» DATA LISTING
——————————

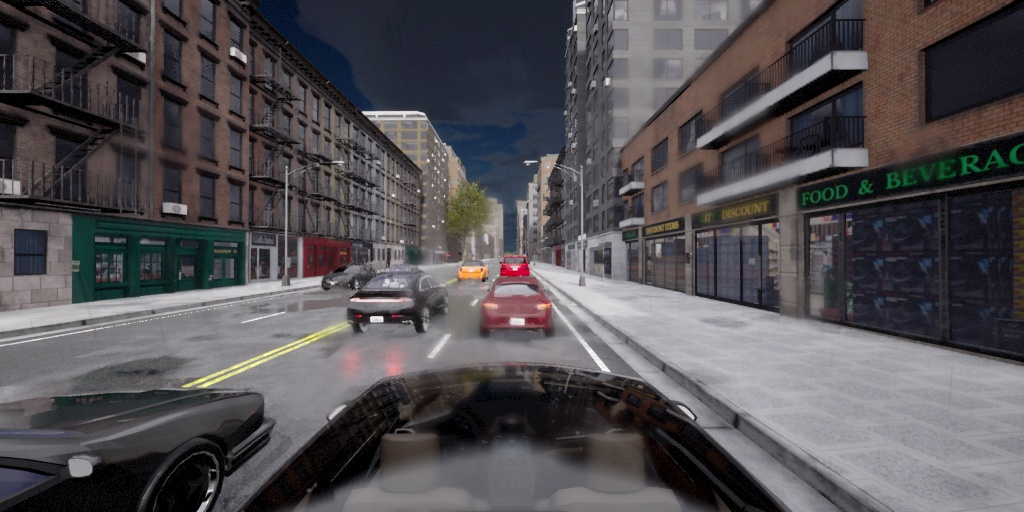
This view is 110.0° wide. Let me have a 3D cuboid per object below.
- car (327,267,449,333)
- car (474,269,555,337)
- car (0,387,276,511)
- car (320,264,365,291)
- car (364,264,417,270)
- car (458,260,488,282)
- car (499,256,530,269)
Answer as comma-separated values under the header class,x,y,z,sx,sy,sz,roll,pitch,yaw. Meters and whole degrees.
class,x,y,z,sx,sy,sz,roll,pitch,yaw
car,-3.110,1.244,10.662,2.128,1.511,4.902,0,0,0
car,0.131,1.278,10.159,1.812,1.442,4.674,0,0,0
car,-3.160,1.297,0.852,2.033,1.411,5.357,0,0,1
car,-9.770,1.263,21.971,1.837,1.490,4.892,0,0,0
car,-6.524,1.249,21.187,2.128,1.511,4.902,0,0,0
car,-3.041,1.116,28.950,2.097,1.767,4.553,0,0,0
car,0.206,0.984,27.257,2.150,2.045,5.566,0,0,0
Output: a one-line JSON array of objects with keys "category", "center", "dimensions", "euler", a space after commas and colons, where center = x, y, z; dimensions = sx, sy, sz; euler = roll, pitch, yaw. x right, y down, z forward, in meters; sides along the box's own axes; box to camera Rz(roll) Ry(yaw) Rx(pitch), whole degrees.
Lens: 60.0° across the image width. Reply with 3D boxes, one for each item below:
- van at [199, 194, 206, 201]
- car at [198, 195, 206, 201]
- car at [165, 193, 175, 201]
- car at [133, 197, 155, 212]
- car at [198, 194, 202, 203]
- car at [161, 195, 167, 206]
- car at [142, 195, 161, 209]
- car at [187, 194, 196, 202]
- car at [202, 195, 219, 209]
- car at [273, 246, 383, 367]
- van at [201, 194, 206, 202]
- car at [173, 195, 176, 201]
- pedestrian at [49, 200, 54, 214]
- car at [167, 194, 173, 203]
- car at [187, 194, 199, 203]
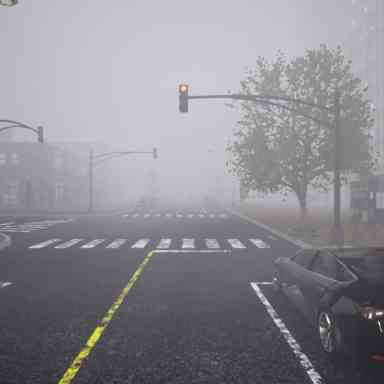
[{"category": "van", "center": [2.621, 1.349, 82.664], "dimensions": [1.690, 1.788, 3.998], "euler": [0, 0, 0]}, {"category": "car", "center": [2.614, 1.535, 88.385], "dimensions": [1.752, 1.417, 4.829], "euler": [0, 0, 0]}, {"category": "car", "center": [-5.766, 1.324, 88.205], "dimensions": [2.192, 1.841, 5.009], "euler": [0, 0, 0]}, {"category": "car", "center": [-5.721, 1.585, 38.246], "dimensions": [1.802, 1.307, 4.206], "euler": [0, 0, 0]}, {"category": "car", "center": [2.639, 1.556, 60.460], "dimensions": [2.008, 1.369, 4.403], "euler": [0, 0, 0]}, {"category": "car", "center": [-5.736, 1.555, 54.899], "dimensions": [2.008, 1.369, 4.403], "euler": [0, 0, 0]}, {"category": "car", "center": [-5.725, 1.318, 43.797], "dimensions": [2.192, 1.841, 5.009], "euler": [0, 0, 0]}, {"category": "car", "center": [-0.070, 1.363, 79.465], "dimensions": [2.097, 1.767, 4.553], "euler": [0, 0, 0]}, {"category": "car", "center": [2.654, 1.529, 43.977], "dimensions": [1.752, 1.417, 4.829], "euler": [0, 0, 0]}, {"category": "car", "center": [2.689, 1.566, 5.778], "dimensions": [1.947, 1.339, 4.313], "euler": [0, 0, 0]}, {"category": "van", "center": [2.650, 1.345, 49.359], "dimensions": [1.690, 1.788, 3.998], "euler": [0, 0, 0]}, {"category": "car", "center": [-5.761, 1.559, 82.654], "dimensions": [2.008, 1.369, 4.403], "euler": [0, 0, 0]}, {"category": "pedestrian", "center": [-12.776, 1.319, 30.243], "dimensions": [0.375, 1.300, 0.375], "euler": [0, -1, -1]}, {"category": "car", "center": [-5.751, 1.532, 71.382], "dimensions": [1.752, 1.417, 4.829], "euler": [0, 0, 0]}, {"category": "car", "center": [0.030, 1.570, 69.546], "dimensions": [1.994, 1.385, 4.181], "euler": [0, 0, 1]}]
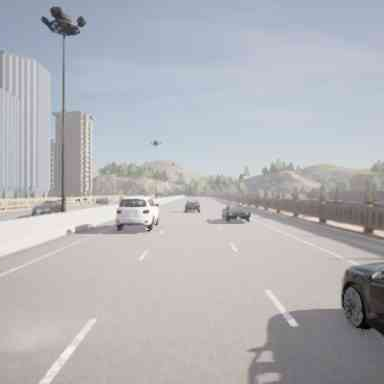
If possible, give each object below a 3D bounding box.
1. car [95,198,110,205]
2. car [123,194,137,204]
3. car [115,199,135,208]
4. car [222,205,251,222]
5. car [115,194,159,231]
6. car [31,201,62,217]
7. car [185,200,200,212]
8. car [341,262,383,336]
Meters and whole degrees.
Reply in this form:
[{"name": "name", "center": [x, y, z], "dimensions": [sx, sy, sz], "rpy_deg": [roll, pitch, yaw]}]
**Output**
[{"name": "car", "center": [-17.554, 1.848, 65.204], "dimensions": [1.994, 1.385, 4.181], "rpy_deg": [0, 0, 0]}, {"name": "car", "center": [-14.061, 1.560, 75.987], "dimensions": [2.150, 2.045, 5.566], "rpy_deg": [0, 0, 0]}, {"name": "car", "center": [-10.605, 1.783, 52.696], "dimensions": [2.033, 1.411, 5.357], "rpy_deg": [0, 0, 1]}, {"name": "car", "center": [3.578, 1.723, 27.667], "dimensions": [1.895, 1.301, 4.718], "rpy_deg": [0, 0, 0]}, {"name": "car", "center": [-3.417, 1.318, 21.576], "dimensions": [2.150, 2.045, 5.566], "rpy_deg": [0, 0, 0]}, {"name": "car", "center": [-14.118, 1.642, 33.071], "dimensions": [2.128, 1.511, 4.902], "rpy_deg": [0, 0, 0]}, {"name": "car", "center": [0.067, 1.676, 41.630], "dimensions": [2.128, 1.511, 4.902], "rpy_deg": [0, 0, 0]}, {"name": "car", "center": [3.584, 1.509, 4.079], "dimensions": [2.128, 1.511, 4.902], "rpy_deg": [0, 0, 0]}]
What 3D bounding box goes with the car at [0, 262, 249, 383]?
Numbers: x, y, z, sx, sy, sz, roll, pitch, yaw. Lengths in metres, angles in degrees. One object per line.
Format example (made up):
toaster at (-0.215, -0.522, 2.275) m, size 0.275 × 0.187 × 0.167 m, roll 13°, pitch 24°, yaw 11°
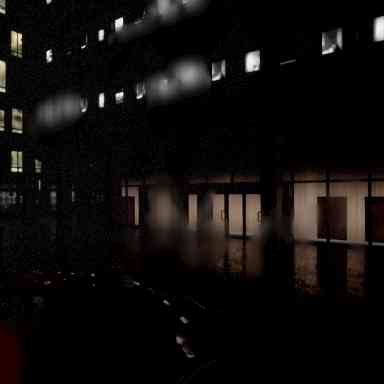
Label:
car at (-1.546, 1.545, 4.001) m, size 4.507 × 1.381 × 1.887 m, roll 0°, pitch 0°, yaw 36°

——————————

» WORK REQUEST
The material above must be set down word for word, with no picture carried over.

» YOUR SOLUTION
This view is 110.0° wide. Let me have a 3D cuboid per object below.
- car (327,267,449,333)
- car (474,269,555,337)
- car (0,387,276,511)
- car (320,264,365,291)
- car (364,264,417,270)
- car (458,260,488,282)
- car (499,256,530,269)
Answer as comma-separated values under the header class,x,y,z,sx,sy,sz,roll,pitch,yaw. Meters and whole degrees.
class,x,y,z,sx,sy,sz,roll,pitch,yaw
car,-3.110,1.244,10.662,2.128,1.511,4.902,0,0,0
car,0.131,1.278,10.159,1.812,1.442,4.674,0,0,0
car,-3.160,1.297,0.852,2.033,1.411,5.357,0,0,1
car,-9.770,1.263,21.971,1.837,1.490,4.892,0,0,0
car,-6.524,1.249,21.187,2.128,1.511,4.902,0,0,0
car,-3.041,1.116,28.950,2.097,1.767,4.553,0,0,0
car,0.206,0.984,27.257,2.150,2.045,5.566,0,0,0
Output: a one-line JSON array of objects with keys "category", "center", "dimensions", "euler", a space after commas and colons, where center = x, y, z; dimensions = sx, sy, sz; euler = roll, pitch, yaw. x right, y down, z forward, in meters; sides along the box's own axes; box to camera Rz(roll) Ry(yaw) Rx(pitch), whole degrees.
Lens: 60.0° across the image width. Reply with 3D boxes, one for each item below:
- van at [199, 194, 206, 201]
- car at [198, 195, 206, 201]
- car at [165, 193, 175, 201]
- car at [133, 197, 155, 212]
- car at [198, 194, 202, 203]
- car at [161, 195, 167, 206]
- car at [142, 195, 161, 209]
- car at [187, 194, 196, 202]
- car at [202, 195, 219, 209]
- car at [273, 246, 383, 367]
- van at [201, 194, 206, 202]
- car at [173, 195, 176, 201]
- pedestrian at [49, 200, 54, 214]
- car at [167, 194, 173, 203]
- car at [187, 194, 199, 203]
[{"category": "van", "center": [2.621, 1.349, 82.664], "dimensions": [1.690, 1.788, 3.998], "euler": [0, 0, 0]}, {"category": "car", "center": [2.614, 1.535, 88.385], "dimensions": [1.752, 1.417, 4.829], "euler": [0, 0, 0]}, {"category": "car", "center": [-5.766, 1.324, 88.205], "dimensions": [2.192, 1.841, 5.009], "euler": [0, 0, 0]}, {"category": "car", "center": [-5.721, 1.585, 38.246], "dimensions": [1.802, 1.307, 4.206], "euler": [0, 0, 0]}, {"category": "car", "center": [2.639, 1.556, 60.460], "dimensions": [2.008, 1.369, 4.403], "euler": [0, 0, 0]}, {"category": "car", "center": [-5.736, 1.555, 54.899], "dimensions": [2.008, 1.369, 4.403], "euler": [0, 0, 0]}, {"category": "car", "center": [-5.725, 1.318, 43.797], "dimensions": [2.192, 1.841, 5.009], "euler": [0, 0, 0]}, {"category": "car", "center": [-0.070, 1.363, 79.465], "dimensions": [2.097, 1.767, 4.553], "euler": [0, 0, 0]}, {"category": "car", "center": [2.654, 1.529, 43.977], "dimensions": [1.752, 1.417, 4.829], "euler": [0, 0, 0]}, {"category": "car", "center": [2.689, 1.566, 5.778], "dimensions": [1.947, 1.339, 4.313], "euler": [0, 0, 0]}, {"category": "van", "center": [2.650, 1.345, 49.359], "dimensions": [1.690, 1.788, 3.998], "euler": [0, 0, 0]}, {"category": "car", "center": [-5.761, 1.559, 82.654], "dimensions": [2.008, 1.369, 4.403], "euler": [0, 0, 0]}, {"category": "pedestrian", "center": [-12.776, 1.319, 30.243], "dimensions": [0.375, 1.300, 0.375], "euler": [0, -1, -1]}, {"category": "car", "center": [-5.751, 1.532, 71.382], "dimensions": [1.752, 1.417, 4.829], "euler": [0, 0, 0]}, {"category": "car", "center": [0.030, 1.570, 69.546], "dimensions": [1.994, 1.385, 4.181], "euler": [0, 0, 1]}]
If possible, give each object below a 3D bounding box.
1. car [95,198,110,205]
2. car [123,194,137,204]
3. car [115,199,135,208]
4. car [222,205,251,222]
5. car [115,194,159,231]
6. car [31,201,62,217]
7. car [185,200,200,212]
8. car [341,262,383,336]
Meters and whole degrees.
Reply in this form:
[{"name": "name", "center": [x, y, z], "dimensions": [sx, sy, sz], "rpy_deg": [roll, pitch, yaw]}]
**Output**
[{"name": "car", "center": [-17.554, 1.848, 65.204], "dimensions": [1.994, 1.385, 4.181], "rpy_deg": [0, 0, 0]}, {"name": "car", "center": [-14.061, 1.560, 75.987], "dimensions": [2.150, 2.045, 5.566], "rpy_deg": [0, 0, 0]}, {"name": "car", "center": [-10.605, 1.783, 52.696], "dimensions": [2.033, 1.411, 5.357], "rpy_deg": [0, 0, 1]}, {"name": "car", "center": [3.578, 1.723, 27.667], "dimensions": [1.895, 1.301, 4.718], "rpy_deg": [0, 0, 0]}, {"name": "car", "center": [-3.417, 1.318, 21.576], "dimensions": [2.150, 2.045, 5.566], "rpy_deg": [0, 0, 0]}, {"name": "car", "center": [-14.118, 1.642, 33.071], "dimensions": [2.128, 1.511, 4.902], "rpy_deg": [0, 0, 0]}, {"name": "car", "center": [0.067, 1.676, 41.630], "dimensions": [2.128, 1.511, 4.902], "rpy_deg": [0, 0, 0]}, {"name": "car", "center": [3.584, 1.509, 4.079], "dimensions": [2.128, 1.511, 4.902], "rpy_deg": [0, 0, 0]}]
What 3D bounding box goes with the car at [0, 262, 249, 383]?
Numbers: x, y, z, sx, sy, sz, roll, pitch, yaw. Lengths in metres, angles in degrees. One object per line.
Format example (made up):
toaster at (-0.215, -0.522, 2.275) m, size 0.275 × 0.187 × 0.167 m, roll 13°, pitch 24°, yaw 11°
Label:
car at (-1.546, 1.545, 4.001) m, size 4.507 × 1.381 × 1.887 m, roll 0°, pitch 0°, yaw 36°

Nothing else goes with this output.